[Recorded data]
-- Opening Marker --

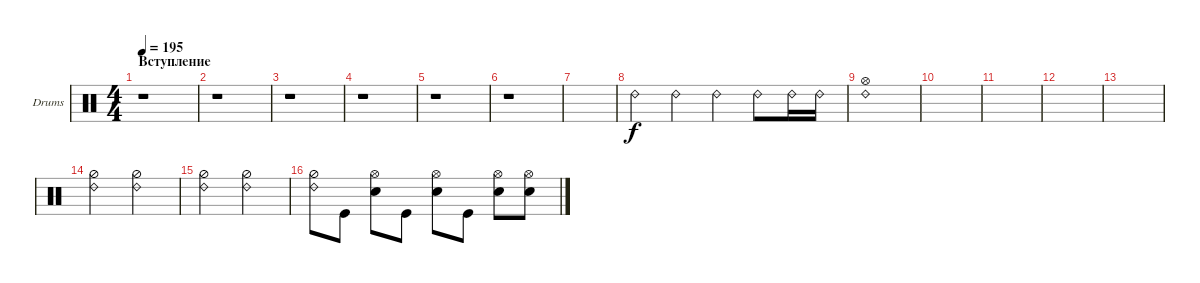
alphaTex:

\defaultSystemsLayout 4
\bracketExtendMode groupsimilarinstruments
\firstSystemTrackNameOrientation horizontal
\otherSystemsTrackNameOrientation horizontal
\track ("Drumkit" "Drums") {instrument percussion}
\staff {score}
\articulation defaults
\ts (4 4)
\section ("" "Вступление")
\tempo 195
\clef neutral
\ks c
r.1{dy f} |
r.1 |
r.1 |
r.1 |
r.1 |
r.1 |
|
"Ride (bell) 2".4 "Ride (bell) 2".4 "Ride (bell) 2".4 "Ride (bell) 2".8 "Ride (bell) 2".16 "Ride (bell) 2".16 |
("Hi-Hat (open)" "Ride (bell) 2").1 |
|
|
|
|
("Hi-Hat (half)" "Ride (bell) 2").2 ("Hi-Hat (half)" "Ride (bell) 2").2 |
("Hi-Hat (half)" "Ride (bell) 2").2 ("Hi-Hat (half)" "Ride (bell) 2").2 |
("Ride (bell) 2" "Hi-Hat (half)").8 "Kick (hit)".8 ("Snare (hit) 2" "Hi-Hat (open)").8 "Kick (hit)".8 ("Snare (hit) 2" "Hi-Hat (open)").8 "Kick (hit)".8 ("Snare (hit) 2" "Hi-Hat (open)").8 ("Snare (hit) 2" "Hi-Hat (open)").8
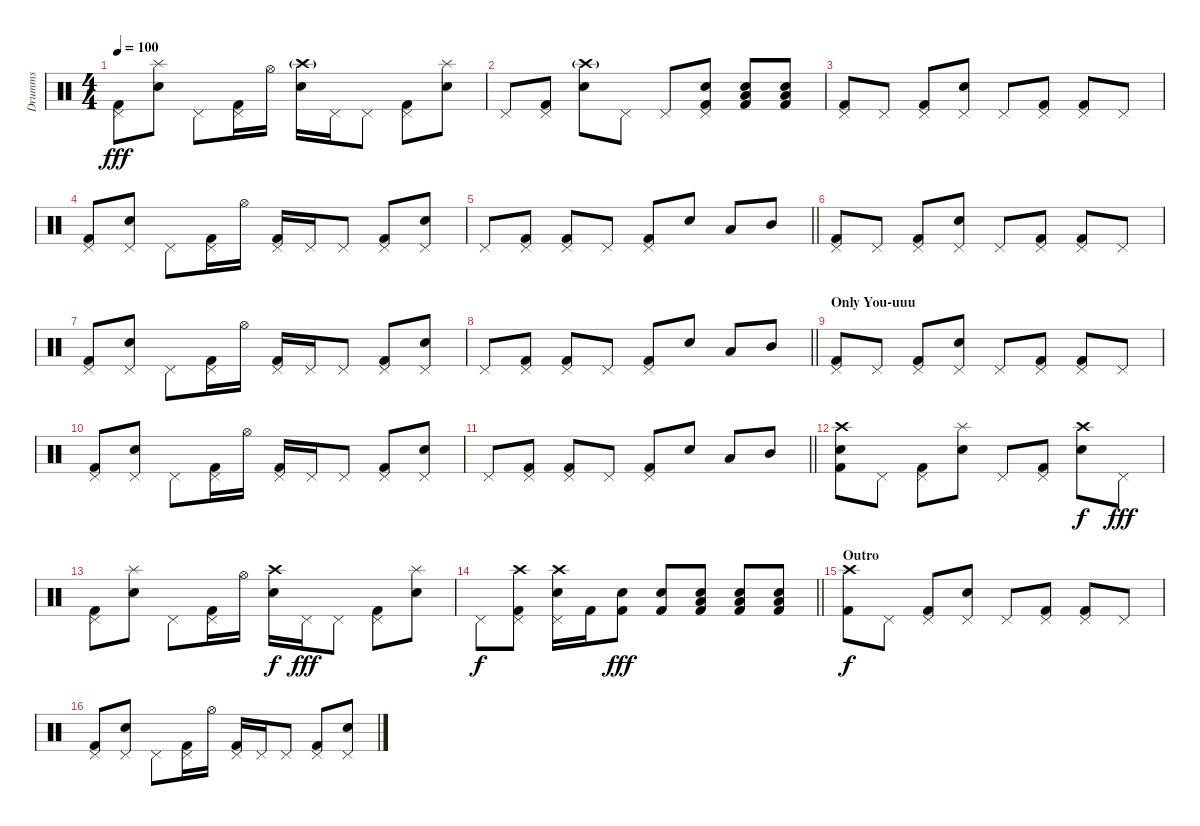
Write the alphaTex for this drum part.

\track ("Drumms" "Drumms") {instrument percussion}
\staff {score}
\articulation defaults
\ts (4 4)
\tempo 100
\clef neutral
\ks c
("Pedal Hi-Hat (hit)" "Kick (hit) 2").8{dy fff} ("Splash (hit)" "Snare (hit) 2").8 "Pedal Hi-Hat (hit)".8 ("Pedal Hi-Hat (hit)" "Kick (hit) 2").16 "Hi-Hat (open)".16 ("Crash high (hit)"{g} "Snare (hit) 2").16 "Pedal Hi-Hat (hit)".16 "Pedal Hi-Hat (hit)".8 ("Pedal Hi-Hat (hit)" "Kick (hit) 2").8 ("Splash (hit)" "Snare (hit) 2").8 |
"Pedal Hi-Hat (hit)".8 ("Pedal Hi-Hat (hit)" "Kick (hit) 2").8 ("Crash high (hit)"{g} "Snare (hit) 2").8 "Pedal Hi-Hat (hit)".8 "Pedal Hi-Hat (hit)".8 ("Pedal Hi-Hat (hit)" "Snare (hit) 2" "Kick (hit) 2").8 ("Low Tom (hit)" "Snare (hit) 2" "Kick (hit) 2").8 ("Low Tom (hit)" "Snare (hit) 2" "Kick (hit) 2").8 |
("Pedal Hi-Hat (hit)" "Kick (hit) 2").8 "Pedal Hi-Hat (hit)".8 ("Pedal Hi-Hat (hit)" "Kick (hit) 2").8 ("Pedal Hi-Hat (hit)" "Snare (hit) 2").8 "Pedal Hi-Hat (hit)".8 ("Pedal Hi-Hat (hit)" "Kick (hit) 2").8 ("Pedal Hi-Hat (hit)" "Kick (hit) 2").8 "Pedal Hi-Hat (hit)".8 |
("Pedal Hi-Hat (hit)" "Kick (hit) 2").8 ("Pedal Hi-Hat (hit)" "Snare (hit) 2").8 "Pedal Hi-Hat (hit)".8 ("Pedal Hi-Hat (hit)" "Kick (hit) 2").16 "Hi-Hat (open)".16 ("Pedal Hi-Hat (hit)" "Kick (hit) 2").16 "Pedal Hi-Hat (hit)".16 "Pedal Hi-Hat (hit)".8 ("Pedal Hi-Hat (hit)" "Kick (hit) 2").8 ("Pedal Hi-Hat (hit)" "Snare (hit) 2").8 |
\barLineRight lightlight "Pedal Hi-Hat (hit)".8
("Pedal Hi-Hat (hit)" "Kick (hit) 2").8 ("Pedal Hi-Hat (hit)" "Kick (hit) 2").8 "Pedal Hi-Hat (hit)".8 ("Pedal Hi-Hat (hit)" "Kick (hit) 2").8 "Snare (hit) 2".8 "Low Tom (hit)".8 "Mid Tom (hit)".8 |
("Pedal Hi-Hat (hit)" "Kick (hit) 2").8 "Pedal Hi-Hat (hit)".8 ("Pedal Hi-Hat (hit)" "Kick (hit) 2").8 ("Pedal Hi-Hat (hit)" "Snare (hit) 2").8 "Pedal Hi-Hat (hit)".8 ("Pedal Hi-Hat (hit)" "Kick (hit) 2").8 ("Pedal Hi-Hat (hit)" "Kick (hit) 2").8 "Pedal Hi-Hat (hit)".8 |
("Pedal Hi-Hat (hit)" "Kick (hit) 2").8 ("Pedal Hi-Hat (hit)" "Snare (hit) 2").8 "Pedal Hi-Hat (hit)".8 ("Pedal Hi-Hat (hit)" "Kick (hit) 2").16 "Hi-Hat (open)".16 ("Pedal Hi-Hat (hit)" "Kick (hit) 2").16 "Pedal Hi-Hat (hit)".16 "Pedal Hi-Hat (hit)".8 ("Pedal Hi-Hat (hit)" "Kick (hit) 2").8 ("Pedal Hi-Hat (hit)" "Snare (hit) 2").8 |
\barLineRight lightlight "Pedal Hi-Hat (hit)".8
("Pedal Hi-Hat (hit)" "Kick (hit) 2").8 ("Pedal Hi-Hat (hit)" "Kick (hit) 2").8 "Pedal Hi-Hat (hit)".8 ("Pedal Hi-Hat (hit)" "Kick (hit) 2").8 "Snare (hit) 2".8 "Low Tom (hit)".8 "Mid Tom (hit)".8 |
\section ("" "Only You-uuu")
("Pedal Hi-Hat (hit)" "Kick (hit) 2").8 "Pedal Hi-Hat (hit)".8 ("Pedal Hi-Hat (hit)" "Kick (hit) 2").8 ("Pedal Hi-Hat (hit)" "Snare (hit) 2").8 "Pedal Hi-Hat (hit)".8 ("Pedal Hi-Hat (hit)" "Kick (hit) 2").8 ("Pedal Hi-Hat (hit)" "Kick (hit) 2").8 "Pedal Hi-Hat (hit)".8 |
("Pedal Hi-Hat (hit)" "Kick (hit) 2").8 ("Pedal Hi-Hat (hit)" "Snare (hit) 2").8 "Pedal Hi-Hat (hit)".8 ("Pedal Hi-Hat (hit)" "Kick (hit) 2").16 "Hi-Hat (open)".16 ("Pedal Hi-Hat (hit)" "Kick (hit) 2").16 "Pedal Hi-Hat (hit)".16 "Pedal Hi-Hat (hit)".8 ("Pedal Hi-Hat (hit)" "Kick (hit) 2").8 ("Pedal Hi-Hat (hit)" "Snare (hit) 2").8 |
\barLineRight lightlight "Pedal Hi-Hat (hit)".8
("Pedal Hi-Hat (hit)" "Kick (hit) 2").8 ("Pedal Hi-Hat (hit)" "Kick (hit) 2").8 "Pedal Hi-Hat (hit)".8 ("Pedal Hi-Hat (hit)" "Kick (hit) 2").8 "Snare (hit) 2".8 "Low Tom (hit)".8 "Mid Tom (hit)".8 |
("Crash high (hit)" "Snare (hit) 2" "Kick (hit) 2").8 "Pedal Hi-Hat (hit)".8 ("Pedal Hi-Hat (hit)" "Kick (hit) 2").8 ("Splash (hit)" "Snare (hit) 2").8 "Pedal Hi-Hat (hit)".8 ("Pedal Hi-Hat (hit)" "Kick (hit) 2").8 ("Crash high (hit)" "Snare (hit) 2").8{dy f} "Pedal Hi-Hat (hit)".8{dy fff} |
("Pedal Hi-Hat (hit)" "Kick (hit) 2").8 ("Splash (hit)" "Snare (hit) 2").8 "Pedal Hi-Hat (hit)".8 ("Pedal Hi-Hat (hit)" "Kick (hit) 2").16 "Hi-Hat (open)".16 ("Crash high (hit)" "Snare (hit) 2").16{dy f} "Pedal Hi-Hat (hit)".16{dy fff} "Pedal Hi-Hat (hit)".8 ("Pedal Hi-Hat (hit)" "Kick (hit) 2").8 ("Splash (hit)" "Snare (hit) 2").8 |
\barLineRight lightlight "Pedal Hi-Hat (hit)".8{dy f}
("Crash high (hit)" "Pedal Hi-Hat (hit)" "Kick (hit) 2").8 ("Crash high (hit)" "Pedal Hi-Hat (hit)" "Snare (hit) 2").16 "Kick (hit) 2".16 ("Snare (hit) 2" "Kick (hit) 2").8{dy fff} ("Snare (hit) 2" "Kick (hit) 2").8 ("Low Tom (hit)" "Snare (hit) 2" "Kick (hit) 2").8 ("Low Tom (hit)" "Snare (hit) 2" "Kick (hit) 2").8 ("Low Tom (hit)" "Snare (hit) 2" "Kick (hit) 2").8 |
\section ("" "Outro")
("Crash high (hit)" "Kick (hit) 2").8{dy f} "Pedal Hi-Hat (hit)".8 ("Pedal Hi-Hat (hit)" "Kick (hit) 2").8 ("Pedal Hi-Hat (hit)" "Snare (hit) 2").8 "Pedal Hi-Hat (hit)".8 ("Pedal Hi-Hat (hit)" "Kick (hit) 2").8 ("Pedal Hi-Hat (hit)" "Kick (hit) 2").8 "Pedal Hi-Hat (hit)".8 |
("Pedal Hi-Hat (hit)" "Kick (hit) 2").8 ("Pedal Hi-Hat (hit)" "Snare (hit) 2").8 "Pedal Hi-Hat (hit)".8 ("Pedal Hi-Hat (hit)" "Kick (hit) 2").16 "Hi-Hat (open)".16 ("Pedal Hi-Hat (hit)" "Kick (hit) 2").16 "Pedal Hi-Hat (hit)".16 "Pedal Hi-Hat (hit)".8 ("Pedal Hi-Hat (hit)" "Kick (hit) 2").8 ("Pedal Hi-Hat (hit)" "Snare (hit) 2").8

-- Closing Marker --
-- Opening Marker --

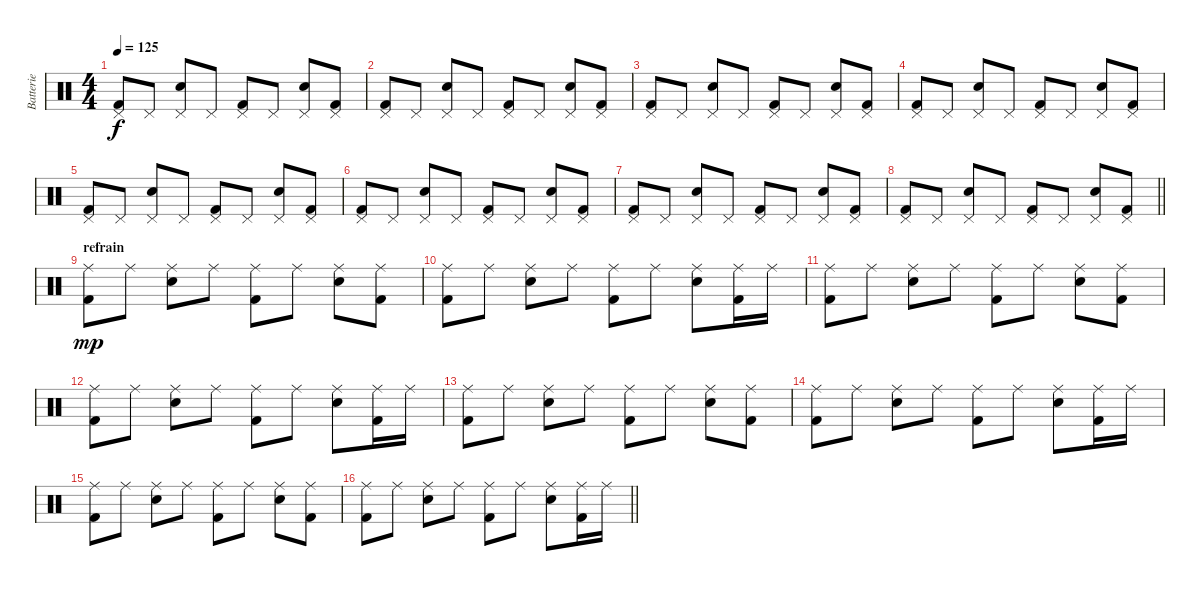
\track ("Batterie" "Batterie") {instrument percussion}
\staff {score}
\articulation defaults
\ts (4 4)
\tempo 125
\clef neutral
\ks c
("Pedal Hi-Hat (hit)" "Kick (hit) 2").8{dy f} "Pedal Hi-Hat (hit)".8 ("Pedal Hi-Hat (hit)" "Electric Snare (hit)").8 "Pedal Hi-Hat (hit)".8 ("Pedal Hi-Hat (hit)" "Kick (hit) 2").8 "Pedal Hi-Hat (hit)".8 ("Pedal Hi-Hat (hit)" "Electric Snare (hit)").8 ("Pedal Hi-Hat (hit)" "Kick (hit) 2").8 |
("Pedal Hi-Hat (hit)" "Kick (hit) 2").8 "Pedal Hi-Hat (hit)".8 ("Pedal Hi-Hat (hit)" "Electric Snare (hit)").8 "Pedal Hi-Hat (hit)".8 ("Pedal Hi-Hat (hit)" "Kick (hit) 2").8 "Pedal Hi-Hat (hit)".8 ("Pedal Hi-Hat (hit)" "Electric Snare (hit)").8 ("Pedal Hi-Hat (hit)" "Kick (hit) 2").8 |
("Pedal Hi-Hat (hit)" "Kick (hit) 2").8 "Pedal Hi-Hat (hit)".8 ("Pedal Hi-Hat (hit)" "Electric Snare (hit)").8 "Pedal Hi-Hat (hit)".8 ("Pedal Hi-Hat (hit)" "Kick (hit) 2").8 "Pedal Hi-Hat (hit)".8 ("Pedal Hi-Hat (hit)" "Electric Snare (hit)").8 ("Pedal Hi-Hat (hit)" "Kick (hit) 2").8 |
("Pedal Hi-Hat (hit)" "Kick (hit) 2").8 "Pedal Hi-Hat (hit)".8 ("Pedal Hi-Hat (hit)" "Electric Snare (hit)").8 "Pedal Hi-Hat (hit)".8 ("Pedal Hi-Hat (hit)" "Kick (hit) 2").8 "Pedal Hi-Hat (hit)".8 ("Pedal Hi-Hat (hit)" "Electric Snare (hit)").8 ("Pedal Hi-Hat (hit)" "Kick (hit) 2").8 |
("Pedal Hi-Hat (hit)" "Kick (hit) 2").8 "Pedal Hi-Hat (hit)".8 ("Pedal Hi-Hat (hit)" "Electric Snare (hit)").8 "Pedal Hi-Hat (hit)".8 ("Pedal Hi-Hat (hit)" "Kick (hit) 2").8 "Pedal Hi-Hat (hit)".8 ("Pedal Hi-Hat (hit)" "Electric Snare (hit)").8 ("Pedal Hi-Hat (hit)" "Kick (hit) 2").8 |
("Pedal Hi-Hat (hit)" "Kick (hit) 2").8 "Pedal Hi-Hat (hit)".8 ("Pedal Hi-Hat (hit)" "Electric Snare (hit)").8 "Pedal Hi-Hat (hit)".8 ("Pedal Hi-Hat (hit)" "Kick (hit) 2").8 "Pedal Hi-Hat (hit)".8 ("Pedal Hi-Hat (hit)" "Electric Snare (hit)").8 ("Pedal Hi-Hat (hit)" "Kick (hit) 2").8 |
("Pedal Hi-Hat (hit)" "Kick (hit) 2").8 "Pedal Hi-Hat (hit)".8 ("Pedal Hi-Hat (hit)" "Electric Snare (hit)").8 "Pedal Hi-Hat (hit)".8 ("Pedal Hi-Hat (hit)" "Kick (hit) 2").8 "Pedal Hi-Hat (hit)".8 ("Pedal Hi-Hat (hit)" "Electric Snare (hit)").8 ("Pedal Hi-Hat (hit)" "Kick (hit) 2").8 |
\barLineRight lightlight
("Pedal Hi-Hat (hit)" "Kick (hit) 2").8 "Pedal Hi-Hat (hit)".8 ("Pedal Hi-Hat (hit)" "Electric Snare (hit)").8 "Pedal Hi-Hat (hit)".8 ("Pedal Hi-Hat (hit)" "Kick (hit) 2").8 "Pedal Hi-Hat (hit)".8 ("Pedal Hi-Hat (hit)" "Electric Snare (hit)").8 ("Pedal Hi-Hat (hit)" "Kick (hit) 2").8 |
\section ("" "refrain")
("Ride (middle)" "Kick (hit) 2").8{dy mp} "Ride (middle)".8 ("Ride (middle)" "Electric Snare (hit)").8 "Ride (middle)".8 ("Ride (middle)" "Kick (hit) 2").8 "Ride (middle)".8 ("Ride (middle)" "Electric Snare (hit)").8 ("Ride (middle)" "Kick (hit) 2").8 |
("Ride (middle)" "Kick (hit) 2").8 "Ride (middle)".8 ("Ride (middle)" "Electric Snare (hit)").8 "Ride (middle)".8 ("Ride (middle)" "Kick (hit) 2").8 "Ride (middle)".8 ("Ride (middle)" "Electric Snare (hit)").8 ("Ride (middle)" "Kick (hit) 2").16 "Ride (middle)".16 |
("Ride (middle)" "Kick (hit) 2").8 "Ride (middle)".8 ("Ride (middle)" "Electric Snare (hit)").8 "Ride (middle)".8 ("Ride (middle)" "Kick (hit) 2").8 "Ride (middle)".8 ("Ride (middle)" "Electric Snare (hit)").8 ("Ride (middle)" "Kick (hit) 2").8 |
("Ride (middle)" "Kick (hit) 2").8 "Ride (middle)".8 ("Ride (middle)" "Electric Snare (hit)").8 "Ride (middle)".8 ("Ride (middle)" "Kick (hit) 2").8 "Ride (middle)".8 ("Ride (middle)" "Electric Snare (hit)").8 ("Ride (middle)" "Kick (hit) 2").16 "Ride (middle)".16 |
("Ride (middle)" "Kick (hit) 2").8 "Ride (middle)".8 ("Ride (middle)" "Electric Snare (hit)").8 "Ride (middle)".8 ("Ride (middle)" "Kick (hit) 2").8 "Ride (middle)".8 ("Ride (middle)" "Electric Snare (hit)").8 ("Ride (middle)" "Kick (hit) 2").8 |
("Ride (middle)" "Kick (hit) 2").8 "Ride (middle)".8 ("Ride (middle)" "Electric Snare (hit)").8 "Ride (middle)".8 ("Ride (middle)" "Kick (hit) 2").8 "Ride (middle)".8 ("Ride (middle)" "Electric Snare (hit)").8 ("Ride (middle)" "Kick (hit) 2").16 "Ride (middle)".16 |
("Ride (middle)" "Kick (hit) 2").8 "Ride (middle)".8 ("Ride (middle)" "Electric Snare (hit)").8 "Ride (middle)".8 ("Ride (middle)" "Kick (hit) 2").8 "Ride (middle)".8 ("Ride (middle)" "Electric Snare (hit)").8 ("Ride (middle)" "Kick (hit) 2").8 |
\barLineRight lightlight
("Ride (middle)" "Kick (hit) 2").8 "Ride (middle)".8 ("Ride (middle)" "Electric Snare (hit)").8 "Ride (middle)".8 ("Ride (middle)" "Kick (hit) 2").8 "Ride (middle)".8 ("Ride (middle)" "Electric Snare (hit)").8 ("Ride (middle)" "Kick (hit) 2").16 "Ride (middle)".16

-- Closing Marker --

__What you have to do__
Every line that holds the word "horizontal" should be copied from the records above.

__Written response__
\firstSystemTrackNameOrientation horizontal
\otherSystemsTrackNameOrientation horizontal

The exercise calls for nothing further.